Saved data entries
--------------------
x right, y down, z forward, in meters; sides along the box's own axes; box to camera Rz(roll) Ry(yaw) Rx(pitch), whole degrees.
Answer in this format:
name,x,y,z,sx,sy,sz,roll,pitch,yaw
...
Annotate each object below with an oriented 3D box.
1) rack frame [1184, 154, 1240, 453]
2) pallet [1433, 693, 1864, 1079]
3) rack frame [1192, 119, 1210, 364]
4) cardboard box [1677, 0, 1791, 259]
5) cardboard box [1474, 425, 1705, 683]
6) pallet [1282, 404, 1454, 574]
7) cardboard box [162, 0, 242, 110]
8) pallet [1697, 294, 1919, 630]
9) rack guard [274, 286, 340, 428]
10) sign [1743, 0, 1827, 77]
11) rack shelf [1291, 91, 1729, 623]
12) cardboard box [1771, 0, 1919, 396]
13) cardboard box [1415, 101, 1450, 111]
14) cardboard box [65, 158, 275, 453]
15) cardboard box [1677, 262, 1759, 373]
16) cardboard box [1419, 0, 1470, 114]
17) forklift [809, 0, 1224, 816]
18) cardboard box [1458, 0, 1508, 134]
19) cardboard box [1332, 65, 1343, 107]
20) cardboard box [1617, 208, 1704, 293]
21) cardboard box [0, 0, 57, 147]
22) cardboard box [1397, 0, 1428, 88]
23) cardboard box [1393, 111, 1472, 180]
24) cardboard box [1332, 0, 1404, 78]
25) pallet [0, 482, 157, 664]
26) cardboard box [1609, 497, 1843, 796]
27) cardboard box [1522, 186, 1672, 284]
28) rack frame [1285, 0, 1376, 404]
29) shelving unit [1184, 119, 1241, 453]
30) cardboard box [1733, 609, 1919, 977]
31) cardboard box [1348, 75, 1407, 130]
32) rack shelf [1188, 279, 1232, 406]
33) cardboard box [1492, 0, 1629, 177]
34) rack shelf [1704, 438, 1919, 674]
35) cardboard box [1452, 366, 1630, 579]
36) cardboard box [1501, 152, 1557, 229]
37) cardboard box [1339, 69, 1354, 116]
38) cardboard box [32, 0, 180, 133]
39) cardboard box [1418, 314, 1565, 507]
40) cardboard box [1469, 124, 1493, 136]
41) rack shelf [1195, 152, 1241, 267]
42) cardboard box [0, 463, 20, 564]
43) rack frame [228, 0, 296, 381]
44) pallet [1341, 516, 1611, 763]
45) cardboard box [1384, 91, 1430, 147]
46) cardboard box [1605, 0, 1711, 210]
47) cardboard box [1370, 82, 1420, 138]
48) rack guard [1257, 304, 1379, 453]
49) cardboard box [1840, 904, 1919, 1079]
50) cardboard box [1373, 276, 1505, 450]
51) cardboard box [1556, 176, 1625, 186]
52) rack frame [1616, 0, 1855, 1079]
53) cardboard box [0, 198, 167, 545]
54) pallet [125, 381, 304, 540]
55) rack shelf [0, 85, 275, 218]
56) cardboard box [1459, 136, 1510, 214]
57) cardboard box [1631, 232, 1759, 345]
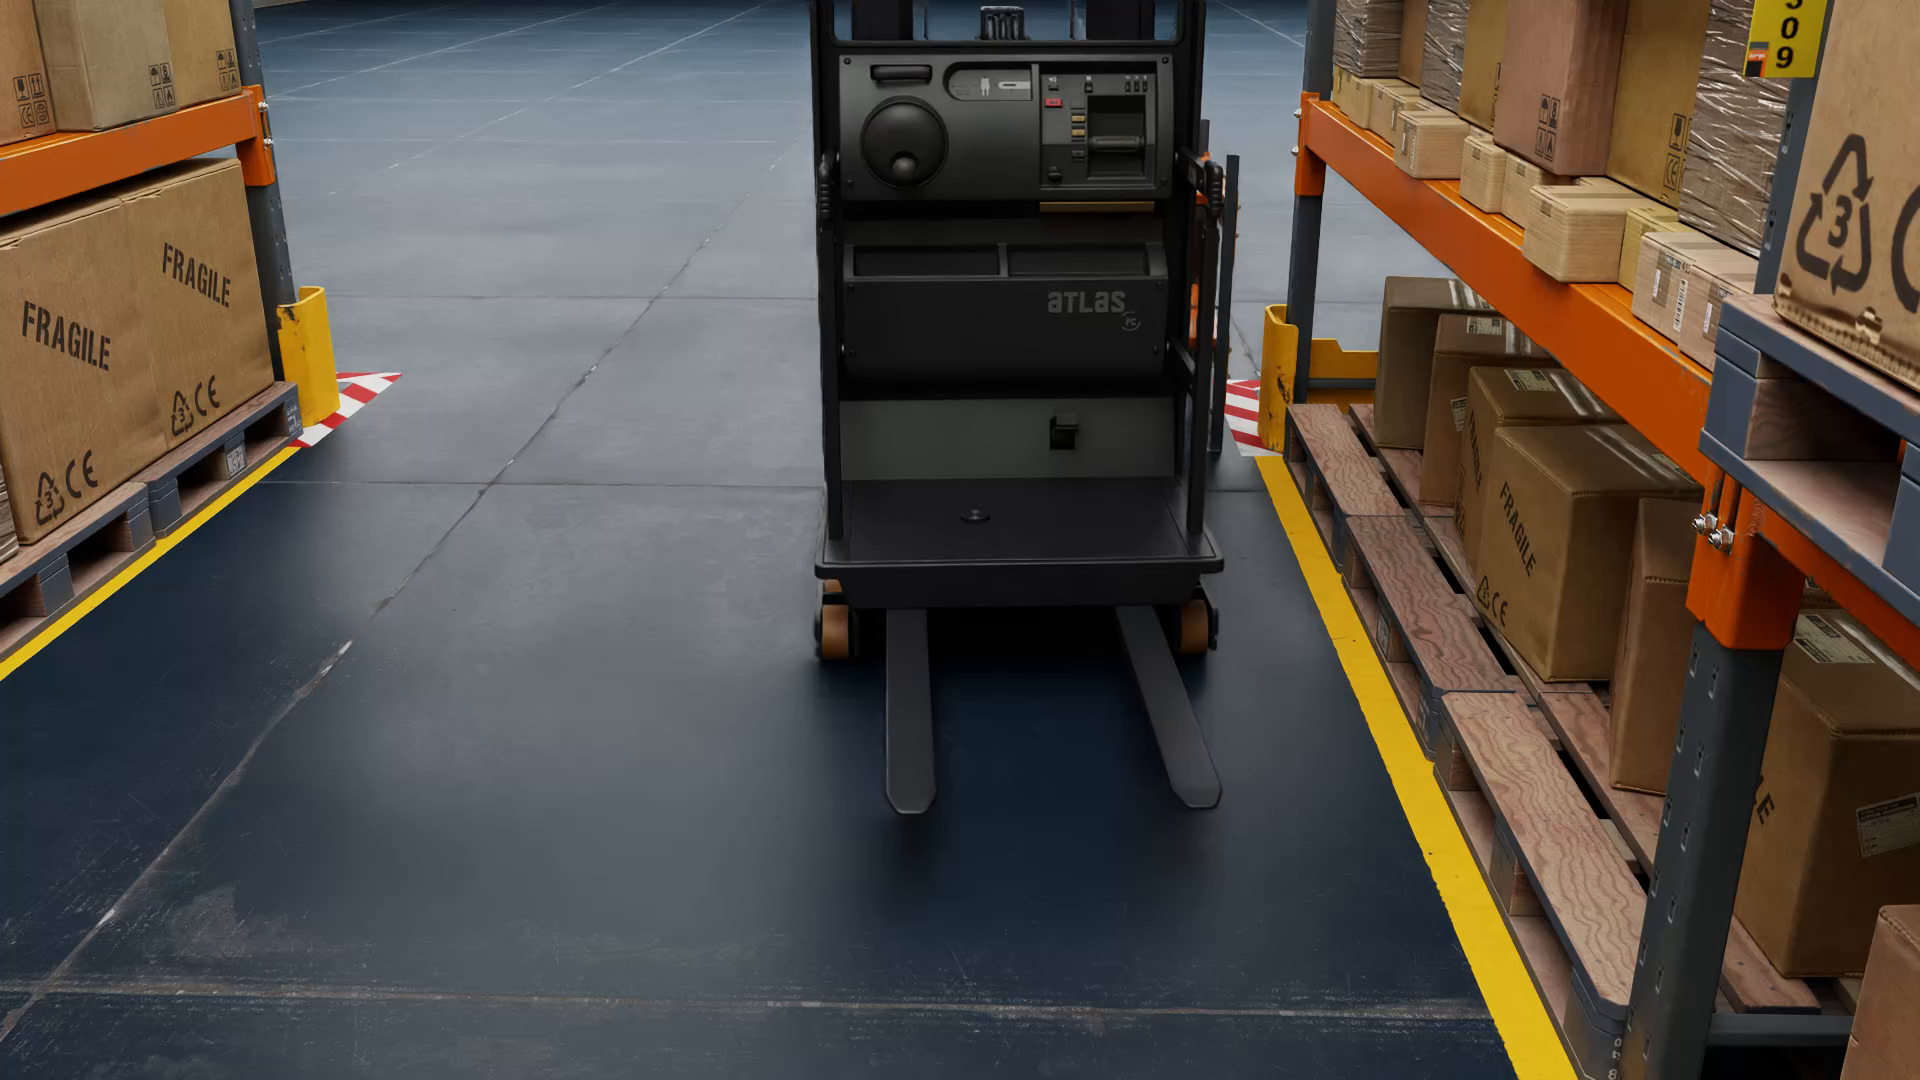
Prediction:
name,x,y,z,sx,sy,sz,roll,pitch,yaw
rack frame,0.758,-0.869,6.213,0.500,1.125,0.032,1,21,2
pallet,1.637,0.686,3.469,1.003,0.211,1.213,1,21,2
rack frame,0.793,-1.236,7.160,0.500,1.125,0.032,1,21,2
cardboard box,1.727,-0.718,2.683,0.875,0.500,0.500,1,21,2
cardboard box,1.654,0.022,4.200,0.500,0.500,0.500,-1,21,-3
pallet,1.711,-0.196,5.742,1.003,0.211,1.213,1,21,2
cardboard box,-3.147,-1.843,5.925,0.875,0.550,0.550,1,21,2
pallet,1.483,-0.006,1.664,1.003,0.211,1.213,1,21,2
rack guard,-3.180,-0.751,6.774,1.175,0.500,0.348,1,21,2
sign,1.109,-0.777,2.189,0.100,0.325,0.005,1,21,2
rack shelf,1.713,-0.758,4.331,1.077,0.370,4.000,1,21,2
cardboard box,1.488,-0.560,1.417,1.000,1.000,1.000,1,21,2
cardboard box,1.495,-1.147,4.686,0.380,0.149,0.250,1,21,2
cardboard box,-3.136,-0.867,5.974,0.875,0.875,0.875,1,21,2
cardboard box,1.365,-0.334,2.592,0.380,0.149,0.250,1,21,2
cardboard box,1.776,-1.441,4.547,0.875,0.500,0.500,1,21,2
forklift,0.141,-1.143,4.424,1.130,2.935,3.031,-1,21,-2
cardboard box,1.749,-1.261,4.082,0.875,0.500,0.500,1,21,2
cardboard box,1.527,-1.599,5.851,0.380,0.149,0.250,1,21,2
cardboard box,1.449,-0.514,3.055,0.380,0.149,0.250,1,21,2
cardboard box,-3.284,-1.443,4.894,0.875,0.550,0.550,1,21,2
cardboard box,1.834,-1.622,5.012,0.875,0.500,0.500,1,21,2
cardboard box,1.384,-1.058,4.456,0.380,0.149,0.250,1,21,2
cardboard box,1.729,-1.804,5.481,0.875,0.500,0.500,1,21,2
pallet,-3.167,0.122,4.923,1.003,0.211,1.213,1,21,2
cardboard box,1.714,0.248,3.619,0.500,0.500,0.500,8,22,19
cardboard box,1.346,-0.606,3.292,0.380,0.149,0.250,1,21,2
rack frame,1.774,-1.817,6.065,1.000,3.000,0.127,1,21,2
shelving unit,0.775,-1.053,6.687,0.538,1.125,1.048,1,21,2
cardboard box,1.704,0.455,3.085,0.500,0.500,0.500,0,21,0
cardboard box,1.477,-1.419,5.386,0.380,0.149,0.250,1,21,2
rack shelf,0.775,-0.825,6.775,0.538,0.278,1.000,1,21,2
cardboard box,1.692,-1.080,3.617,0.875,0.500,0.500,1,21,2
rack shelf,1.591,0.688,0.604,1.077,0.370,4.000,1,21,2
cardboard box,1.716,-0.179,4.719,0.500,0.500,0.500,3,21,7
cardboard box,1.452,-0.786,3.755,0.380,0.149,0.250,1,21,2
cardboard box,1.500,-1.509,5.619,0.380,0.149,0.250,1,21,2
cardboard box,-3.142,-1.644,5.412,0.875,0.550,0.550,1,21,2
cardboard box,1.754,-0.405,5.302,0.500,0.500,0.500,6,22,16
cardboard box,1.509,-0.966,4.220,0.380,0.149,0.250,1,21,2
rack shelf,0.775,-1.325,6.581,0.538,0.278,1.000,1,21,2
cardboard box,-3.190,-0.220,4.305,0.875,0.875,0.875,1,21,2
rack frame,-3.181,-1.908,6.300,1.000,3.000,0.127,1,21,2
pallet,1.671,0.244,4.608,1.003,0.211,1.213,1,21,2
cardboard box,1.476,-1.238,4.920,0.380,0.149,0.250,1,21,2
cardboard box,1.778,-0.898,3.148,0.875,0.500,0.500,1,21,2
cardboard box,1.490,-1.328,5.153,0.380,0.149,0.250,1,21,2
rack guard,1.771,-0.624,6.446,1.175,0.500,0.348,1,21,2
cardboard box,1.612,0.811,2.138,0.700,0.500,0.500,-1,21,-3
cardboard box,1.738,-0.622,5.860,0.500,0.500,0.500,5,22,12
cardboard box,1.485,-0.695,3.521,0.380,0.149,0.250,1,21,2
rack frame,1.649,-0.371,2.337,0.949,2.616,0.053,1,21,2
cardboard box,-3.160,-0.549,5.154,0.875,0.875,0.875,0,21,1
pallet,-3.127,-0.318,6.057,1.003,0.211,1.213,1,21,2
rack shelf,-3.242,-0.849,4.566,1.077,0.370,4.000,1,21,2
cardboard box,1.425,-0.877,3.989,0.380,0.149,0.250,1,21,2
cardboard box,1.382,-0.425,2.824,0.380,0.149,0.250,1,21,2
--------------------
=== Task prompt ===
An exact restatement of every record is required. Omit the images.

=== Reply to the task ===
x right, y down, z forward, in meters; sides along the box's own axes; box to camera Rz(roll) Ry(yaw) Rx(pitch), whole degrees.
Answer in this format:
name,x,y,z,sx,sy,sz,roll,pitch,yaw
...
Annotate each object below with an oriented 3D box.
1) rack frame [1184, 154, 1240, 453]
2) pallet [1433, 693, 1864, 1079]
3) rack frame [1192, 119, 1210, 364]
4) cardboard box [1677, 0, 1791, 259]
5) cardboard box [1474, 425, 1705, 683]
6) pallet [1282, 404, 1454, 574]
7) cardboard box [162, 0, 242, 110]
8) pallet [1697, 294, 1919, 630]
9) rack guard [274, 286, 340, 428]
10) sign [1743, 0, 1827, 77]
11) rack shelf [1291, 91, 1729, 623]
12) cardboard box [1771, 0, 1919, 396]
13) cardboard box [1415, 101, 1450, 111]
14) cardboard box [65, 158, 275, 453]
15) cardboard box [1677, 262, 1759, 373]
16) cardboard box [1419, 0, 1470, 114]
17) forklift [809, 0, 1224, 816]
18) cardboard box [1458, 0, 1508, 134]
19) cardboard box [1332, 65, 1343, 107]
20) cardboard box [1617, 208, 1704, 293]
21) cardboard box [0, 0, 57, 147]
22) cardboard box [1397, 0, 1428, 88]
23) cardboard box [1393, 111, 1472, 180]
24) cardboard box [1332, 0, 1404, 78]
25) pallet [0, 482, 157, 664]
26) cardboard box [1609, 497, 1843, 796]
27) cardboard box [1522, 186, 1672, 284]
28) rack frame [1285, 0, 1376, 404]
29) shelving unit [1184, 119, 1241, 453]
30) cardboard box [1733, 609, 1919, 977]
31) cardboard box [1348, 75, 1407, 130]
32) rack shelf [1188, 279, 1232, 406]
33) cardboard box [1492, 0, 1629, 177]
34) rack shelf [1704, 438, 1919, 674]
35) cardboard box [1452, 366, 1630, 579]
36) cardboard box [1501, 152, 1557, 229]
37) cardboard box [1339, 69, 1354, 116]
38) cardboard box [32, 0, 180, 133]
39) cardboard box [1418, 314, 1565, 507]
40) cardboard box [1469, 124, 1493, 136]
41) rack shelf [1195, 152, 1241, 267]
42) cardboard box [0, 463, 20, 564]
43) rack frame [228, 0, 296, 381]
44) pallet [1341, 516, 1611, 763]
45) cardboard box [1384, 91, 1430, 147]
46) cardboard box [1605, 0, 1711, 210]
47) cardboard box [1370, 82, 1420, 138]
48) rack guard [1257, 304, 1379, 453]
49) cardboard box [1840, 904, 1919, 1079]
50) cardboard box [1373, 276, 1505, 450]
51) cardboard box [1556, 176, 1625, 186]
52) rack frame [1616, 0, 1855, 1079]
53) cardboard box [0, 198, 167, 545]
54) pallet [125, 381, 304, 540]
55) rack shelf [0, 85, 275, 218]
56) cardboard box [1459, 136, 1510, 214]
57) cardboard box [1631, 232, 1759, 345]
Prediction:
name,x,y,z,sx,sy,sz,roll,pitch,yaw
rack frame,0.758,-0.869,6.213,0.500,1.125,0.032,1,21,2
pallet,1.637,0.686,3.469,1.003,0.211,1.213,1,21,2
rack frame,0.793,-1.236,7.160,0.500,1.125,0.032,1,21,2
cardboard box,1.727,-0.718,2.683,0.875,0.500,0.500,1,21,2
cardboard box,1.654,0.022,4.200,0.500,0.500,0.500,-1,21,-3
pallet,1.711,-0.196,5.742,1.003,0.211,1.213,1,21,2
cardboard box,-3.147,-1.843,5.925,0.875,0.550,0.550,1,21,2
pallet,1.483,-0.006,1.664,1.003,0.211,1.213,1,21,2
rack guard,-3.180,-0.751,6.774,1.175,0.500,0.348,1,21,2
sign,1.109,-0.777,2.189,0.100,0.325,0.005,1,21,2
rack shelf,1.713,-0.758,4.331,1.077,0.370,4.000,1,21,2
cardboard box,1.488,-0.560,1.417,1.000,1.000,1.000,1,21,2
cardboard box,1.495,-1.147,4.686,0.380,0.149,0.250,1,21,2
cardboard box,-3.136,-0.867,5.974,0.875,0.875,0.875,1,21,2
cardboard box,1.365,-0.334,2.592,0.380,0.149,0.250,1,21,2
cardboard box,1.776,-1.441,4.547,0.875,0.500,0.500,1,21,2
forklift,0.141,-1.143,4.424,1.130,2.935,3.031,-1,21,-2
cardboard box,1.749,-1.261,4.082,0.875,0.500,0.500,1,21,2
cardboard box,1.527,-1.599,5.851,0.380,0.149,0.250,1,21,2
cardboard box,1.449,-0.514,3.055,0.380,0.149,0.250,1,21,2
cardboard box,-3.284,-1.443,4.894,0.875,0.550,0.550,1,21,2
cardboard box,1.834,-1.622,5.012,0.875,0.500,0.500,1,21,2
cardboard box,1.384,-1.058,4.456,0.380,0.149,0.250,1,21,2
cardboard box,1.729,-1.804,5.481,0.875,0.500,0.500,1,21,2
pallet,-3.167,0.122,4.923,1.003,0.211,1.213,1,21,2
cardboard box,1.714,0.248,3.619,0.500,0.500,0.500,8,22,19
cardboard box,1.346,-0.606,3.292,0.380,0.149,0.250,1,21,2
rack frame,1.774,-1.817,6.065,1.000,3.000,0.127,1,21,2
shelving unit,0.775,-1.053,6.687,0.538,1.125,1.048,1,21,2
cardboard box,1.704,0.455,3.085,0.500,0.500,0.500,0,21,0
cardboard box,1.477,-1.419,5.386,0.380,0.149,0.250,1,21,2
rack shelf,0.775,-0.825,6.775,0.538,0.278,1.000,1,21,2
cardboard box,1.692,-1.080,3.617,0.875,0.500,0.500,1,21,2
rack shelf,1.591,0.688,0.604,1.077,0.370,4.000,1,21,2
cardboard box,1.716,-0.179,4.719,0.500,0.500,0.500,3,21,7
cardboard box,1.452,-0.786,3.755,0.380,0.149,0.250,1,21,2
cardboard box,1.500,-1.509,5.619,0.380,0.149,0.250,1,21,2
cardboard box,-3.142,-1.644,5.412,0.875,0.550,0.550,1,21,2
cardboard box,1.754,-0.405,5.302,0.500,0.500,0.500,6,22,16
cardboard box,1.509,-0.966,4.220,0.380,0.149,0.250,1,21,2
rack shelf,0.775,-1.325,6.581,0.538,0.278,1.000,1,21,2
cardboard box,-3.190,-0.220,4.305,0.875,0.875,0.875,1,21,2
rack frame,-3.181,-1.908,6.300,1.000,3.000,0.127,1,21,2
pallet,1.671,0.244,4.608,1.003,0.211,1.213,1,21,2
cardboard box,1.476,-1.238,4.920,0.380,0.149,0.250,1,21,2
cardboard box,1.778,-0.898,3.148,0.875,0.500,0.500,1,21,2
cardboard box,1.490,-1.328,5.153,0.380,0.149,0.250,1,21,2
rack guard,1.771,-0.624,6.446,1.175,0.500,0.348,1,21,2
cardboard box,1.612,0.811,2.138,0.700,0.500,0.500,-1,21,-3
cardboard box,1.738,-0.622,5.860,0.500,0.500,0.500,5,22,12
cardboard box,1.485,-0.695,3.521,0.380,0.149,0.250,1,21,2
rack frame,1.649,-0.371,2.337,0.949,2.616,0.053,1,21,2
cardboard box,-3.160,-0.549,5.154,0.875,0.875,0.875,0,21,1
pallet,-3.127,-0.318,6.057,1.003,0.211,1.213,1,21,2
rack shelf,-3.242,-0.849,4.566,1.077,0.370,4.000,1,21,2
cardboard box,1.425,-0.877,3.989,0.380,0.149,0.250,1,21,2
cardboard box,1.382,-0.425,2.824,0.380,0.149,0.250,1,21,2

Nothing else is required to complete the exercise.